Good times or bad, Gov. Nathan Deal warns state agencies each summer not to plan on getting any more money to spend in the coming year.

This time around he may have a good reason. Most if not all of the new tax money the state will take in next year is likely spoken for as another huge teacher pension bill comes due and school and health care costs continue to rise.

“Any growth we are going to see is going to be eaten up naturally,” said House Appropriations Chairman Terry England, R-Auburn. “It’s all got a name and a number beside it.”

Teresa MacCartney, the governor’s budget director, sent out budget instructions Tuesday making it clear to state agency directors that most shouldn’t ask for anything new when they develop their spending proposals for the upcoming year.

“We will continue to put investing in our citizens and the long-term fiscal health of our state first and foremost,” she wrote in a memo obtained by The Atlanta Journal-Constitution. “This includes fully funding our pension obligations, continuing to invest in transportation infrastructure and fully funding growth needs in our education and human services/mental health systems.

“To ensure we are able to fund these priorities, agencies are to maintain (fiscal year) 2018 spending levels for agency programs.”

The state’s latest budget year, fiscal 2018, began July 1.

State agencies will spend the next couple of months developing spending plans for the upcoming fiscal year and then submitting them to Deal for his consideration. The governor will present his budget proposal to the General Assembly in January.

The latest instructions are similar to the ones agencies have received ever since Deal took office in 2011.

But a lot has changed since then. Deal became governor when Georgia was still feeling the impact of the Great Recession, when teachers and state employees were still being forced to take furloughs to help make ends meet.

Now Deal will be writing a budget — his final one before leaving office — after several years of economic growth during which tax collections rose faster than in many states across the county.

Collection for the fiscal year that ended June 30 increased $930 million, or 4.5 percent. The state is projecting further growth this year, and Deal has squirreled away more than $2 billion in reserves.

However, the Nelson Rockefeller Institute of Government, the public policy research arm of the State University of New York, is projecting weak tax collections nationally. The National Association of State Budget Officers reported earlier this year that nearly half the states were making budget cuts.

Georgia, traditionally late going into an economic downturn and late coming out of one, isn’t immune to the national trend, officials say.

“I kind of am of the mind that we’re going to start seeing a little bit of a slowdown,” England said.

That may mean, say, 2 percent to 3 percent growth in collections instead of 4.5 percent, which can make the difference between a small raise for 200,000 teachers and state employees next year and no raise at all.

Every year much of the state’s growth in revenue is used up by a corresponding growth in the cost of Medicaid — the public health care program for the poor and disabled — k-12 schools and colleges. Public schools and colleges are funded using a per-student formula, and enrollment, particularly in k-12 schools, always goes up in Georgia. Each student carries a corresponding increase in school costs for the state.

In addition, the state faces another huge bump in payments to the Teacher Retirement System, which covers about 400,000 teachers, University System of Georgia employees and retired educators.

During the past legislative session, Georgia lawmakers raised the alarm when they had to provide an extra $223 million to help boost the financial security of the system. Next year that figure could hit $400 million, likely the largest one-year infusion in state history.

The “employer,” or government, contribution rate into the fund — a percentage of employee payroll — will have more than doubled since 2012.

The $400 million would have been enough to provide teachers with their biggest raises since at least the 1990s and would be more than twice what’s needed to fill holes left by “austerity cuts” that have been included in education budgets for more than a decade. Teacher groups, however, say the pension program is a great tool to attract and keep talented educators, so it’s worth the cost.

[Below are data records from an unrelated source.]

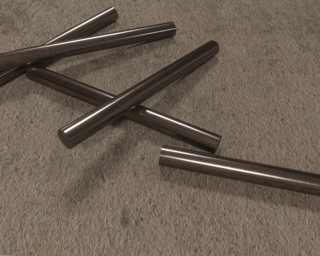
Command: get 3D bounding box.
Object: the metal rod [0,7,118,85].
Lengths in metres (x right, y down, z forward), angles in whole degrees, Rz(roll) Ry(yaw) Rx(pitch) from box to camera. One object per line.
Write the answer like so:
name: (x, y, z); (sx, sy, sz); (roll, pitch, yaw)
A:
metal rod: (-0.185, -0.129, 0.509); (0.025, 0.025, 0.302); (33, 57, 24)

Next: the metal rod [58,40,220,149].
metal rod: (-0.007, -0.061, 0.428); (0.025, 0.025, 0.302); (33, 49, 24)

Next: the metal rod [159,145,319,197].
metal rod: (0.149, 0.059, 0.355); (0.302, 0.025, 0.025); (10, 51, 8)

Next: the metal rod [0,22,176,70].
metal rod: (-0.111, -0.134, 0.497); (0.302, 0.025, 0.025); (-18, 52, -21)

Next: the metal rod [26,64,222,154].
metal rod: (-0.061, -0.032, 0.429); (0.301, 0.025, 0.025); (22, 53, 17)
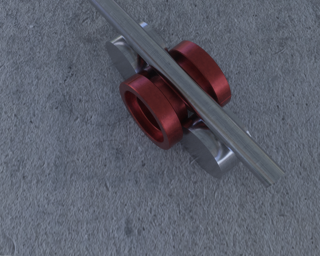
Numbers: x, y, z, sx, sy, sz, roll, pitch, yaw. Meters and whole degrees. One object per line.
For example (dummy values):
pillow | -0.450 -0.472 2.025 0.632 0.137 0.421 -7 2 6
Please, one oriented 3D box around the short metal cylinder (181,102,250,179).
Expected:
short metal cylinder | 0.065 0.014 0.375 0.050 0.080 0.080 -37 75 -13

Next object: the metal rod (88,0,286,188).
metal rod | 0.018 -0.056 0.346 0.025 0.025 0.300 -38 75 -13

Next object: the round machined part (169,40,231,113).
round machined part | 0.040 -0.057 0.392 0.042 0.098 0.098 -39 75 -8

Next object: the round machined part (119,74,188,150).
round machined part | -0.003 -0.025 0.378 0.042 0.098 0.098 -37 74 -16

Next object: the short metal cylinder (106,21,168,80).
short metal cylinder | -0.028 -0.094 0.414 0.050 0.080 0.080 -37 75 -13
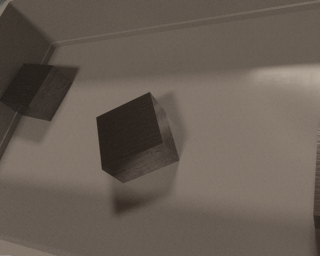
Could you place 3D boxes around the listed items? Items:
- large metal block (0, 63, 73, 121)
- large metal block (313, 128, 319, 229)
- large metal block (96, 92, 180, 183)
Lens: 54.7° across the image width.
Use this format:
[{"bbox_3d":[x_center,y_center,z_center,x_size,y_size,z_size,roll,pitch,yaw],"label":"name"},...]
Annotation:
[{"bbox_3d":[-0.214,-0.063,0.538,0.080,0.050,0.080,10,67,32],"label":"large metal block"},{"bbox_3d":[0.179,0.048,0.266,0.080,0.050,0.080,2,63,29],"label":"large metal block"},{"bbox_3d":[-0.030,0.013,0.396,0.080,0.050,0.080,-24,53,13],"label":"large metal block"}]
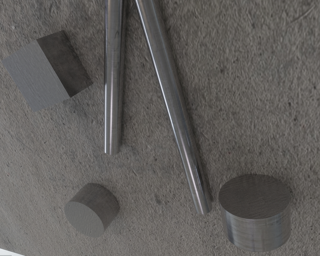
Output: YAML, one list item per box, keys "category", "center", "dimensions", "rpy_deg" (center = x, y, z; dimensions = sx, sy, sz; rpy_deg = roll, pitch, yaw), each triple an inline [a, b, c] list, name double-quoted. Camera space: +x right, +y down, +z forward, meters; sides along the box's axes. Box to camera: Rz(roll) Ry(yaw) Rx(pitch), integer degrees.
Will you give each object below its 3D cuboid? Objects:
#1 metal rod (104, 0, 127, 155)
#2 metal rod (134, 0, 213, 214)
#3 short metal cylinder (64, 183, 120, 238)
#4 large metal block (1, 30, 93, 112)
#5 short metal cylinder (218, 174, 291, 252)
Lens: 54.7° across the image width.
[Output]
- category: "metal rod"
  center: [-0.056, -0.090, 0.380]
  dimensions: [0.025, 0.025, 0.298]
  rpy_deg: [19, 126, 17]
- category: "metal rod"
  center: [0.023, -0.015, 0.385]
  dimensions: [0.025, 0.025, 0.298]
  rpy_deg: [-3, 117, 29]
- category: "short metal cylinder"
  center: [-0.118, 0.143, 0.542]
  dimensions: [0.080, 0.050, 0.079]
  rpy_deg: [13, 124, 21]
- category: "large metal block"
  center: [-0.153, -0.076, 0.425]
  dimensions: [0.080, 0.050, 0.080]
  rpy_deg: [-14, 111, 34]
- category: "short metal cylinder"
  center: [0.114, 0.100, 0.373]
  dimensions: [0.080, 0.080, 0.050]
  rpy_deg: [2, 119, 27]
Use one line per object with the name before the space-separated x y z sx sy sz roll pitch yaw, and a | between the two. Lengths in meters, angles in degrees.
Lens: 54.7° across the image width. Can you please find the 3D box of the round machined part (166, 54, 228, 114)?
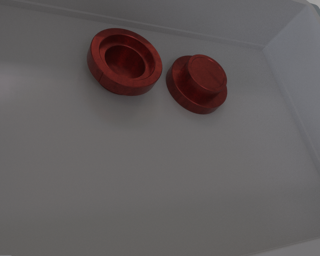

Lawmakers will want to be able to offer teachers and state employees some kind of pay raise next year, if for no other reason than 2018 is an election year in which several lawmakers are running for higher office. The race to replace Deal, for instance, so far includes four state lawmakers and the lieutenant governor, who is the Senate president.

The Republican-led General Assembly would also like to leave town next spring having cut taxes, always a plus on the campaign trail in Georgia. Efforts to cut the state income tax last year failed in the final hours of the 2017 session. Reducing taxes would cut into the state’s revenue in coming years, and Deal has not championed recent moves to reduce the top income tax rate.

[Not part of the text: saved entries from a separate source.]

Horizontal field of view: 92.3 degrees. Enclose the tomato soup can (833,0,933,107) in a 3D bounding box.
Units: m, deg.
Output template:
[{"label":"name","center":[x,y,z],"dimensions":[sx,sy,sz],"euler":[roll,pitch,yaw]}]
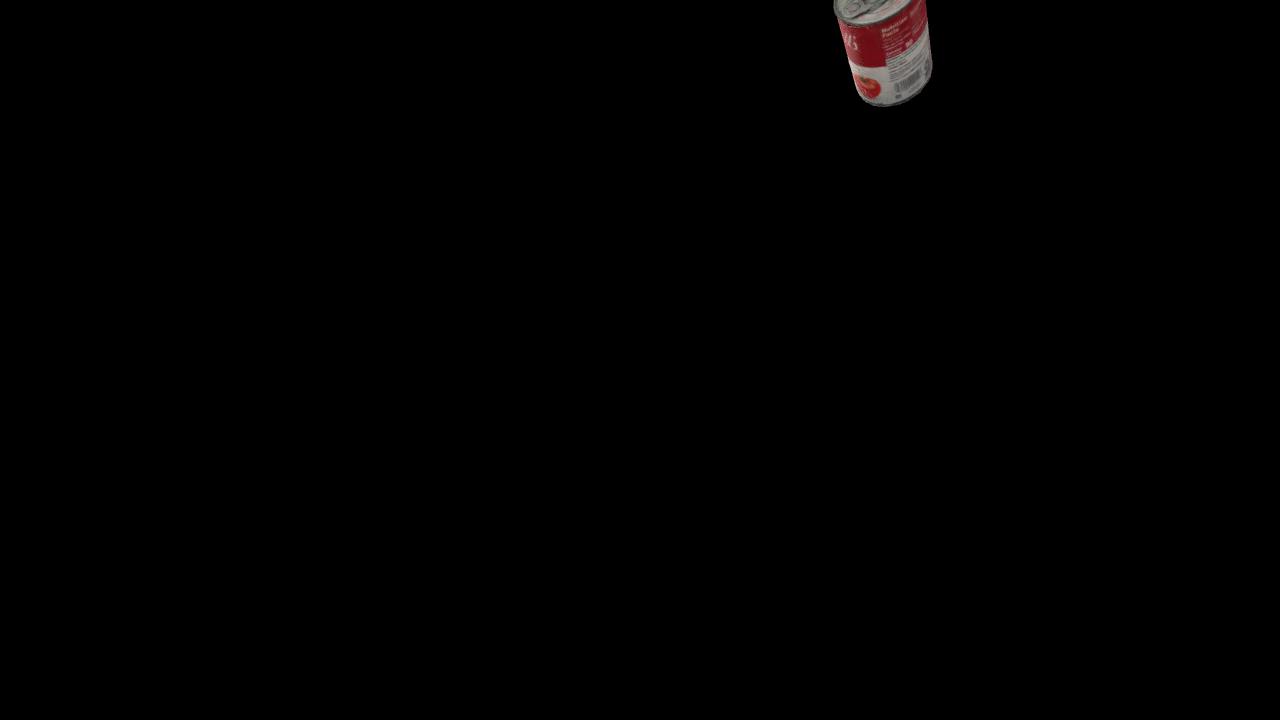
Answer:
[{"label":"tomato soup can","center":[0.210,-0.276,0.524],"dimensions":[0.068,0.068,0.101],"euler":[0,-19,30]}]
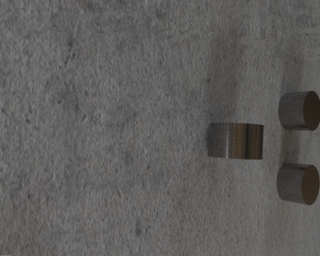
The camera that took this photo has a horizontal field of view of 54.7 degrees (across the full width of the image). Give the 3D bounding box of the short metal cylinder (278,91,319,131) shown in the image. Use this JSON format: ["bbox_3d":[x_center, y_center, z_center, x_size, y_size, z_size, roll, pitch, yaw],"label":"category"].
[{"bbox_3d":[0.286,-0.034,0.633,0.081,0.050,0.079,0,90,-40],"label":"short metal cylinder"}]

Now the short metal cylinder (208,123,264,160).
[{"bbox_3d":[0.114,0.020,0.467,0.081,0.080,0.050,5,87,-40],"label":"short metal cylinder"}]

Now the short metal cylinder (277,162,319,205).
[{"bbox_3d":[0.281,0.112,0.629,0.081,0.050,0.079,0,90,-40],"label":"short metal cylinder"}]
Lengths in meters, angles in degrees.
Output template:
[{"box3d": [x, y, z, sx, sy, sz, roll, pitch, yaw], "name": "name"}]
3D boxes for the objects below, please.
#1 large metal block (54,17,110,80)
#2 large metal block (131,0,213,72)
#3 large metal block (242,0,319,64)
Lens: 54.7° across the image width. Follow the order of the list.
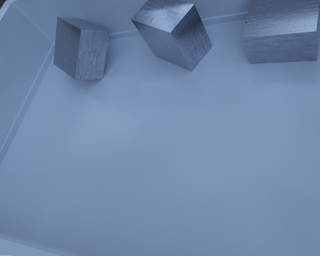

Kelly McCutchen, the president of the conservative Georgia Public Policy Foundation and a longtime proponent of reducing the state’s 6 percent top income tax rate, isn’t counting on a big tax cut, even in an election year like 2018.

“I don’t expect tax reform, but you could set the table for 2019, when there is a new administration,” he said. “It’s very hard to predict. Based on history, there is going to be a lot of talk about it and nothing will happen.”